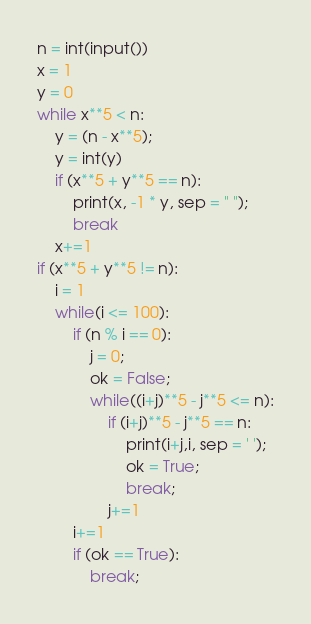Convert code to text. <code><loc_0><loc_0><loc_500><loc_500><_Python_>n = int(input())
x = 1
y = 0
while x**5 < n:
	y = (n - x**5);
	y = int(y)
	if (x**5 + y**5 == n):
		print(x, -1 * y, sep = " ");
		break
	x+=1
if (x**5 + y**5 != n):
	i = 1
	while(i <= 100):
		if (n % i == 0):
			j = 0;
			ok = False;
			while((i+j)**5 - j**5 <= n):
				if (i+j)**5 - j**5 == n:
					print(i+j,i, sep = ' ');
					ok = True;
					break;
				j+=1
		i+=1
		if (ok == True):
			break;</code>

● **WHAT IS BEING ASKED**
Find the line that contains "print(x, -1 *". Write out that line and every line after it through the end of the data, exactly, and nothing else.

● **REPLY**
		print(x, -1 * y, sep = " ");
		break
	x+=1
if (x**5 + y**5 != n):
	i = 1
	while(i <= 100):
		if (n % i == 0):
			j = 0;
			ok = False;
			while((i+j)**5 - j**5 <= n):
				if (i+j)**5 - j**5 == n:
					print(i+j,i, sep = ' ');
					ok = True;
					break;
				j+=1
		i+=1
		if (ok == True):
			break;</code>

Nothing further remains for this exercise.